Il Manchester su Quagliarella?

MANCHESTER - Un campionato ad alti livelli, poi la consacrazione con la doppietta in Nazionale segnata alla Lituania: Fabio Quagliarella piace molto non solo in Italia, e il Manchester United e' cosi' pronto a sferrare un'offensiva per assicurarsi il bomber in comproprieta' tra Sampdoria e Udinese. Secondo il "Daily Express", i Red Devils sono pronti a formulare un'offerta di 10 milioni di sterline (circa 15 milioni di euro) per far fronte all'assenza di Louis Saha che, operato ieri, non sara' disponibile prima di novembre. Nei giorni scorsi i dirigenti di Samp e Udinese, che entro mercoledi' prossimo decideranno il futuro di Quagliarella, hanno fissato il prezzo in 15-20 milioni di euro.

Recoba saluta l'Inter. Destinazione Madrid

MILANO - A Milano sono cresciuto come calciatore, ma adesso devo cambiare. Ho bisogno di tornare a sentirmi protagonista, voglio giocare e l'Atletico Madrid non e' certo una squadra qualsiasi". Alvaro Recoba saluta l'Inter, e lo fa attraverso le pagine del quotidiano sportivo 'As', al quale l'uruguaiano annuncia l'intenzione di cambiare aria, molto probabilmente destinazione Madrid, sponda Atletico. "Questo e' uno dei club storici piu' importanti -spiega il Chino, dimostrando di gradire molto l'interesse dei colchoneros-. Si apre per una nuova possibilita', che mi attrae moltissimo: e' una grande occasione".

Recoba conferma che con Massimo Moratti c'e' gia' un 'gentlemen agreement' affinche' l'uruguaiano possa andarsene se ricevesse una buona offerta. "Ci siamo incontrati la scorsa settimana: per capirci, non e' stato un normale incontro tra presidente e giocatore, il mio legame con Massimo e' molto speciale.
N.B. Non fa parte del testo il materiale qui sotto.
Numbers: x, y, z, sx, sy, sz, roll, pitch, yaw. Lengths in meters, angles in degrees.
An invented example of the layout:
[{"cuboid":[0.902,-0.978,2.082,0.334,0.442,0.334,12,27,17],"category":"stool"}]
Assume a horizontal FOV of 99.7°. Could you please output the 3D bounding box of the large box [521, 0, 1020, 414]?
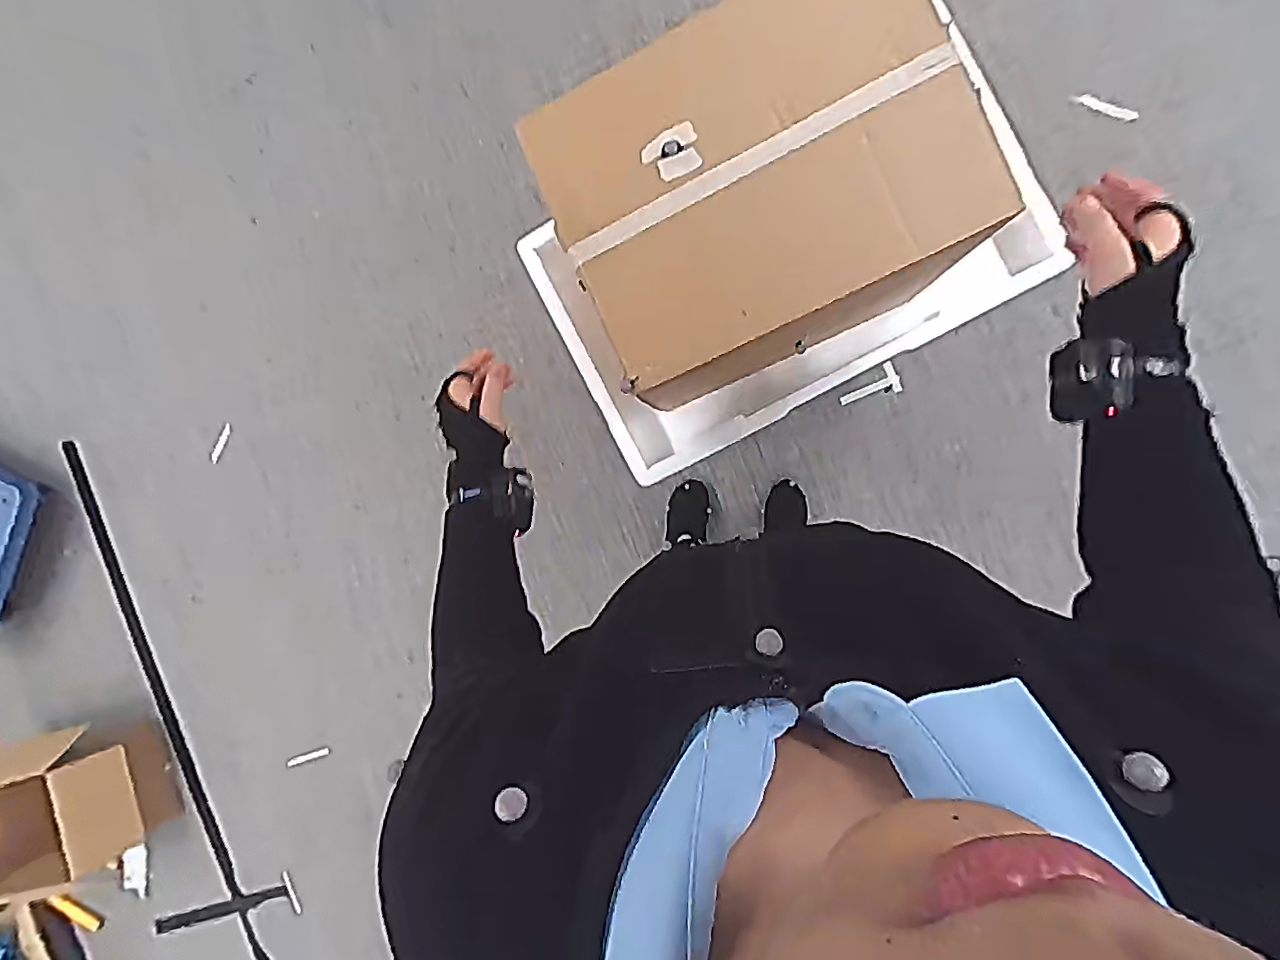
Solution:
[{"cuboid":[0.137,-0.311,0.676,0.408,0.320,0.320,-25,88,10],"category":"large box"}]
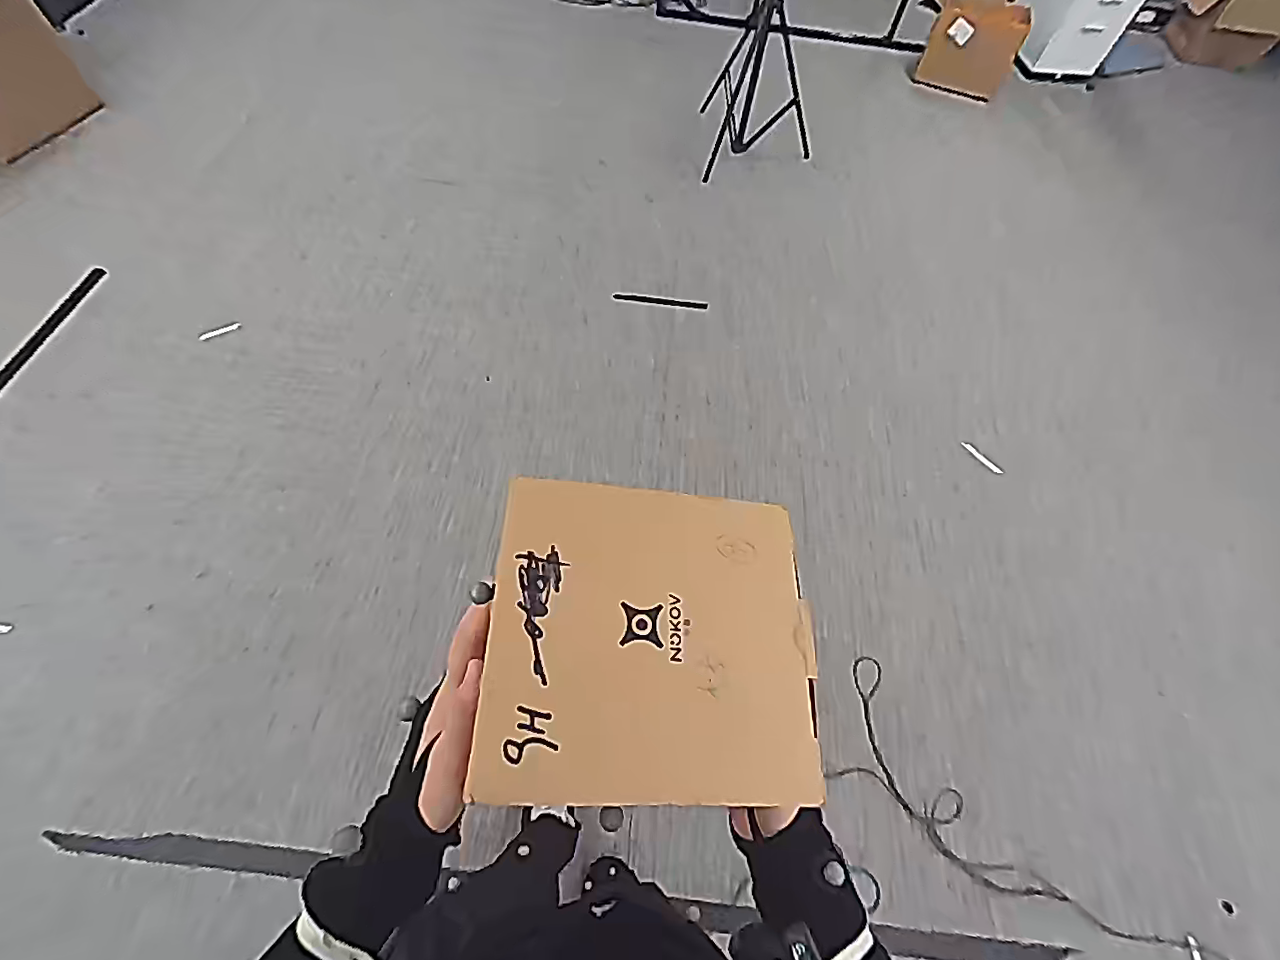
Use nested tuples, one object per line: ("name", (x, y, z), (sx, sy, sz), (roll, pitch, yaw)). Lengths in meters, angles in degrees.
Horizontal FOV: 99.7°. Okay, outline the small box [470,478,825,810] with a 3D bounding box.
("small box", (-0.008, 0.118, 0.358), (0.179, 0.176, 0.168), (7, 60, -11))
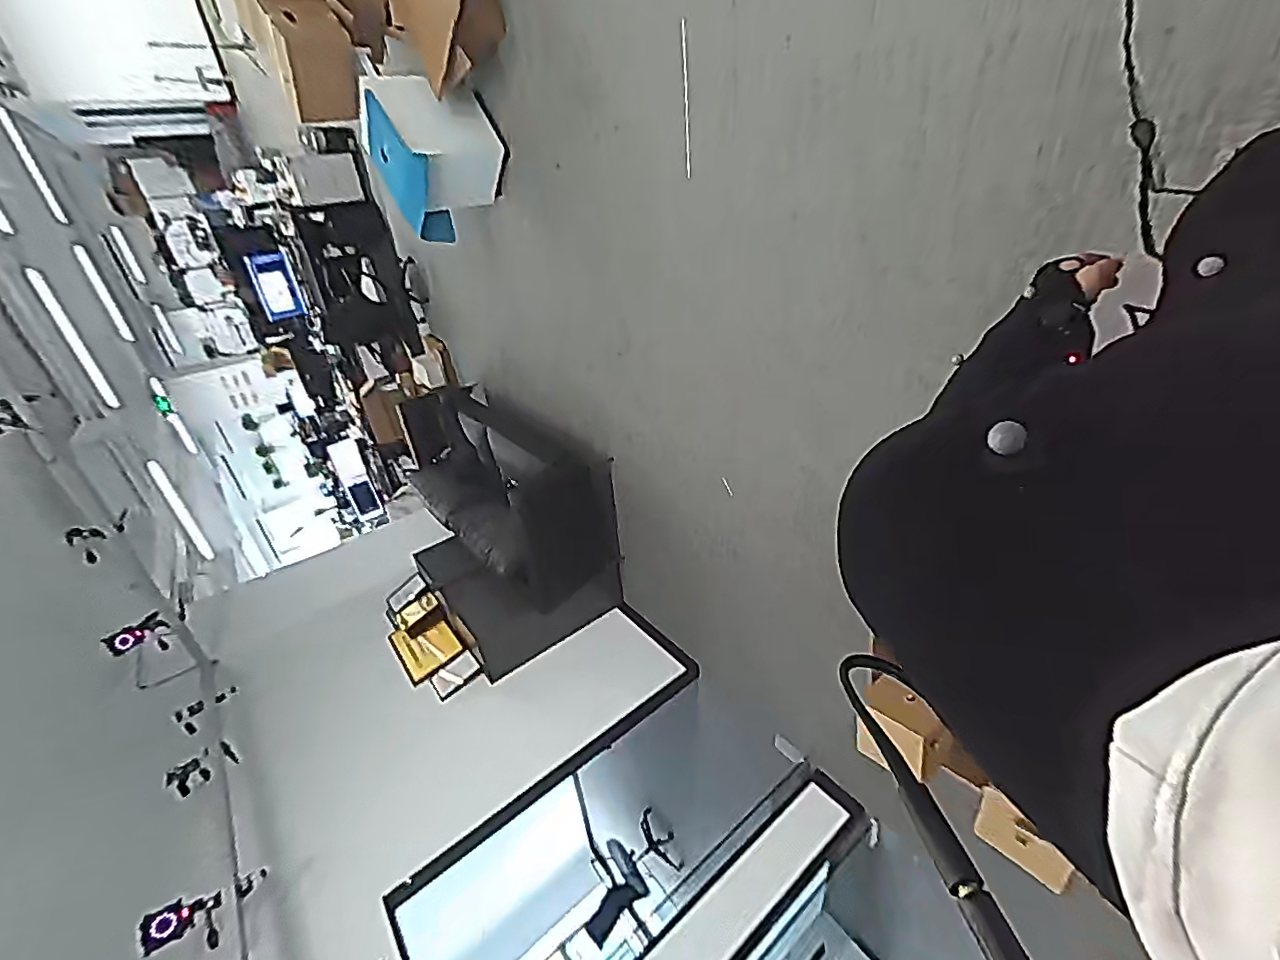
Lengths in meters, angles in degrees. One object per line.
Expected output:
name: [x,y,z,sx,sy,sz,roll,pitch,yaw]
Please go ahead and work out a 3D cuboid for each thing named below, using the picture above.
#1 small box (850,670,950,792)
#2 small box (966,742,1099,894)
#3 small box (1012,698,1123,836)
small box: [0.641,0.608,1.334,0.168,0.176,0.179,21,128,50]
small box: [0.820,0.695,1.132,0.168,0.176,0.179,27,134,45]
small box: [0.948,0.634,1.215,0.168,0.176,0.179,22,130,47]
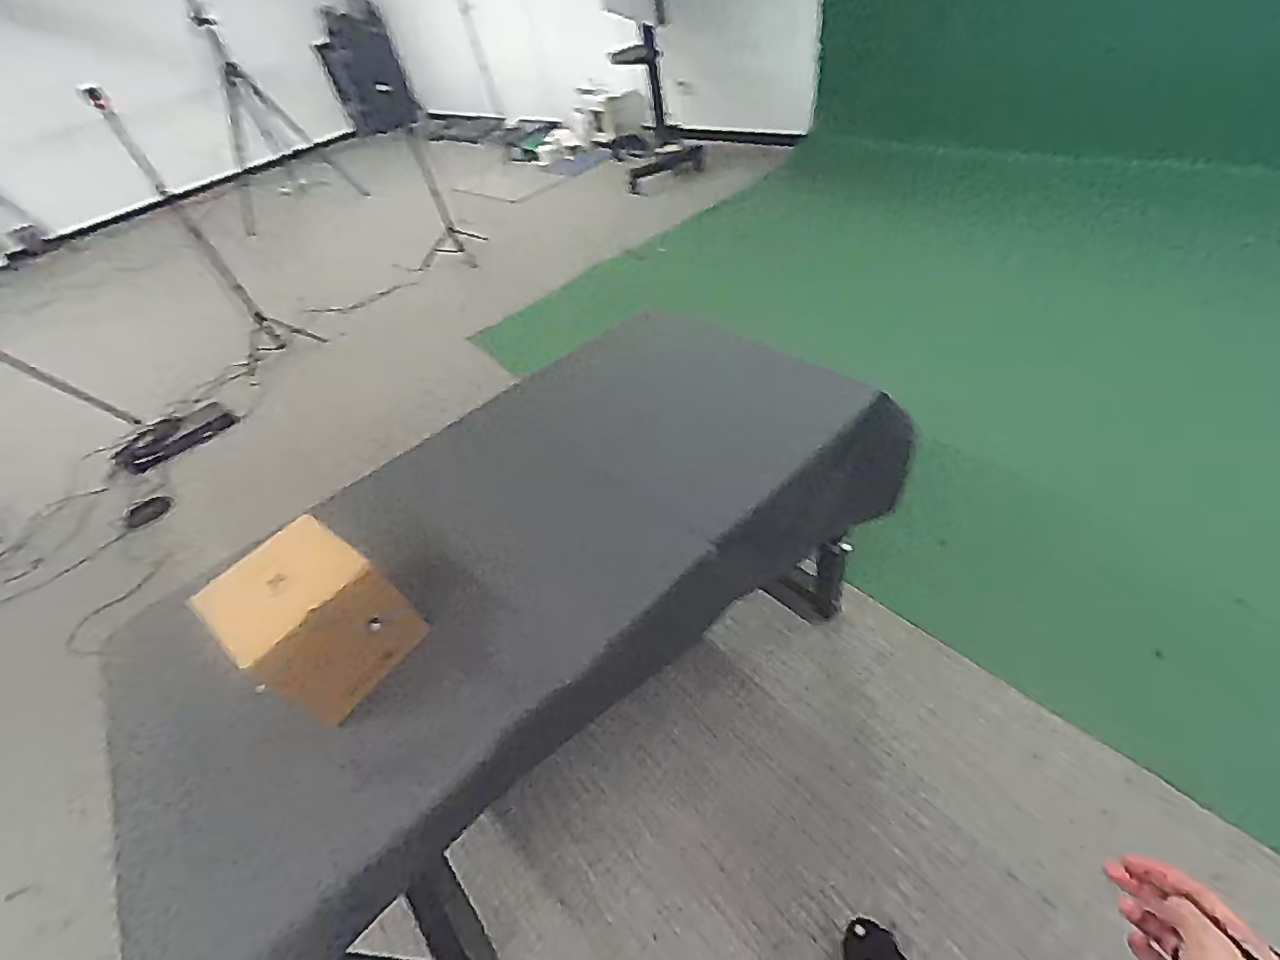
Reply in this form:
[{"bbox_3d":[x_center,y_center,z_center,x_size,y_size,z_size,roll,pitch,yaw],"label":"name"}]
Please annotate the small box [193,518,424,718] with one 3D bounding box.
[{"bbox_3d":[-0.426,0.186,0.721,0.179,0.176,0.168,21,53,32],"label":"small box"}]
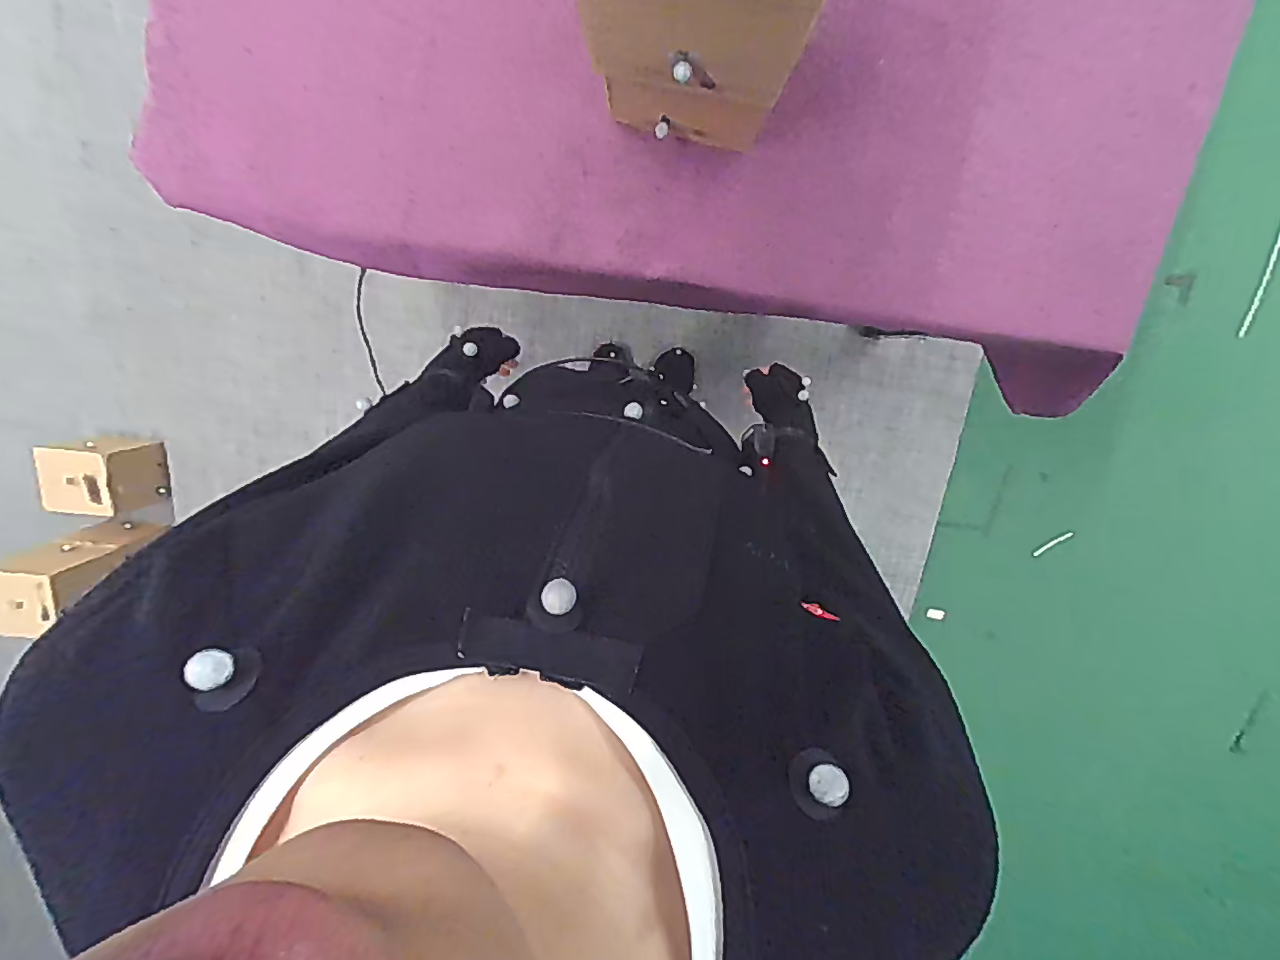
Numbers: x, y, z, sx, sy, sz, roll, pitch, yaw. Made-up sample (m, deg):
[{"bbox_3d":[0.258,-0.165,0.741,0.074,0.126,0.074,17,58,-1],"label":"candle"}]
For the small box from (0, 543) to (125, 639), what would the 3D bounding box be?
[{"bbox_3d":[-1.418,0.261,1.310,0.179,0.176,0.168,7,104,0],"label":"small box"}]

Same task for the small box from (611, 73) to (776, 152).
[{"bbox_3d":[0.063,-0.467,0.542,0.168,0.176,0.179,12,104,-2],"label":"small box"}]

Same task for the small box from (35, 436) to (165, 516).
[{"bbox_3d":[-1.388,-0.015,1.407,0.179,0.176,0.168,6,104,-1],"label":"small box"}]

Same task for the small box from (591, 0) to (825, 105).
[{"bbox_3d":[0.054,-0.414,0.386,0.168,0.176,0.179,11,104,-1],"label":"small box"}]
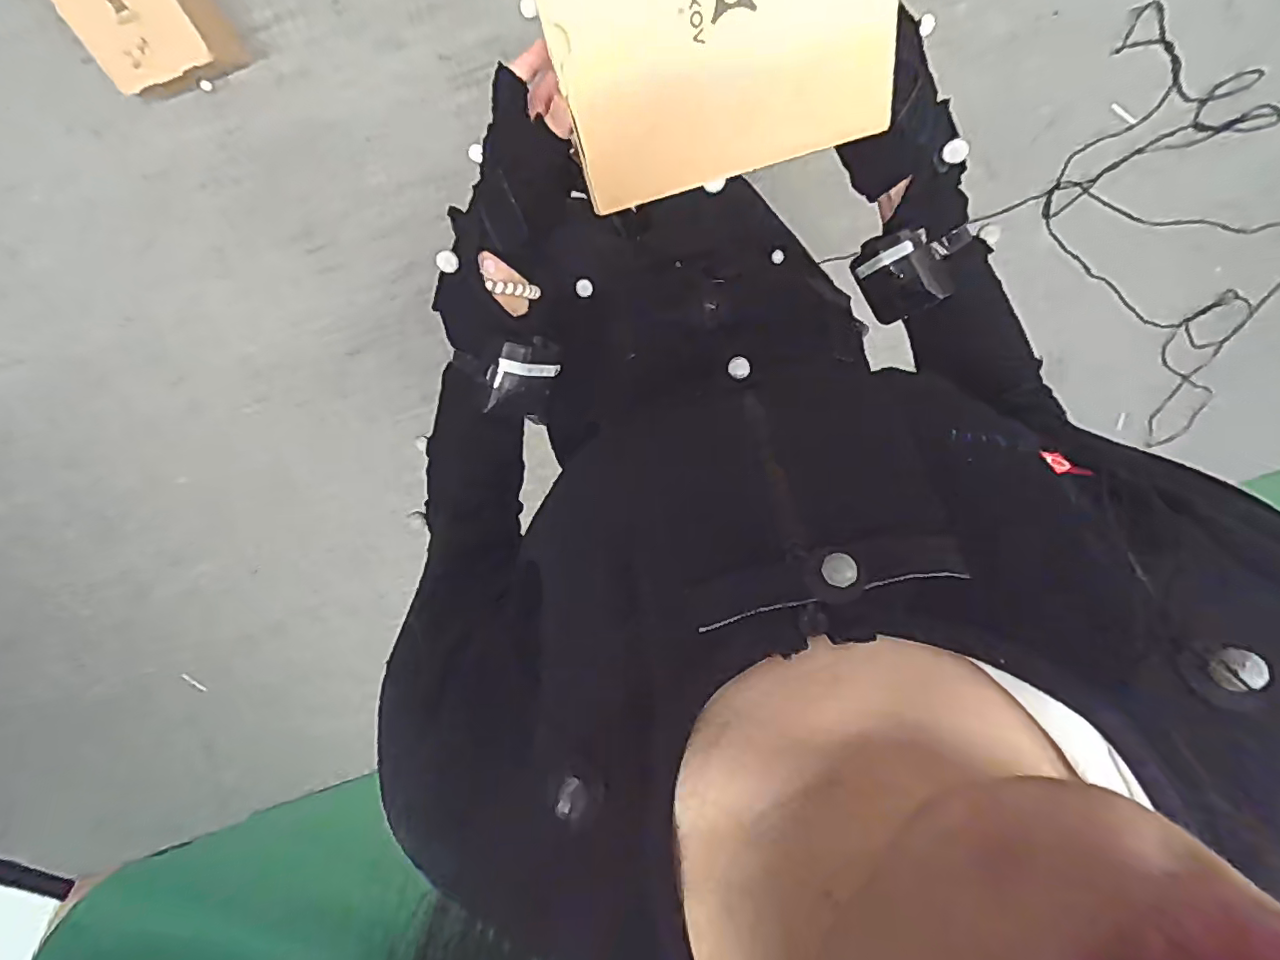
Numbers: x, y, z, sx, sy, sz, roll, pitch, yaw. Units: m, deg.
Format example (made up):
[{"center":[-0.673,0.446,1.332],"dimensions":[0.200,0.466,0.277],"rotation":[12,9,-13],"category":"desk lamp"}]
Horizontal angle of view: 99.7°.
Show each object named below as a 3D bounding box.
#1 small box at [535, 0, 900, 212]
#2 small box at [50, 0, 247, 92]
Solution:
[{"center":[0.029,-0.287,0.311],"dimensions":[0.179,0.176,0.168],"rotation":[-14,134,4],"category":"small box"},{"center":[-0.795,-0.755,0.873],"dimensions":[0.168,0.176,0.179],"rotation":[-20,128,3],"category":"small box"}]
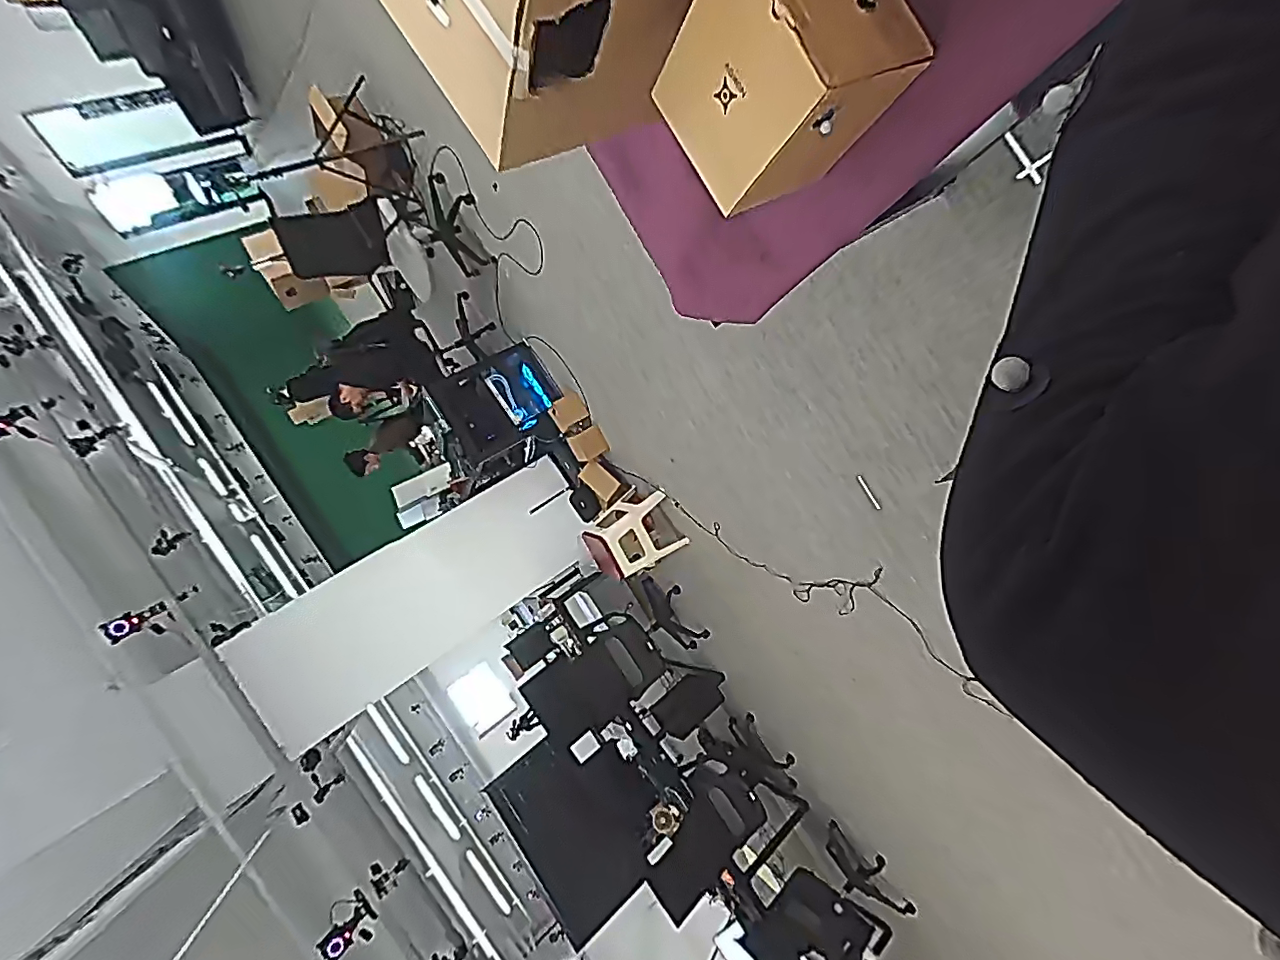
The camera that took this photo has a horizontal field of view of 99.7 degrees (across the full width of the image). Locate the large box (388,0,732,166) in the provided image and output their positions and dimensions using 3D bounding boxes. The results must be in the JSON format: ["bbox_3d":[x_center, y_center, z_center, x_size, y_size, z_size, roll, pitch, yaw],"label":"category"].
[{"bbox_3d":[-0.114,-0.661,0.592,0.408,0.320,0.320,54,156,-1],"label":"large box"}]

E' lui il 'colpevole' della mia permanenza a Milano per cosi' tanto tempo, nonostante in certi periodi non abbia brillato per continuita'". L'attestato di stima verso Moratti e l'Inter pero' non finisce qui. "Non vorrei mai giocare contro l'Inter, e lui non chiedera' mai un euro di piu' per me se mi cercasse un club straniero, anche se mi manca un anno di contratto. E' un modo per rendere piu' facile il nostro 'arrivederci'".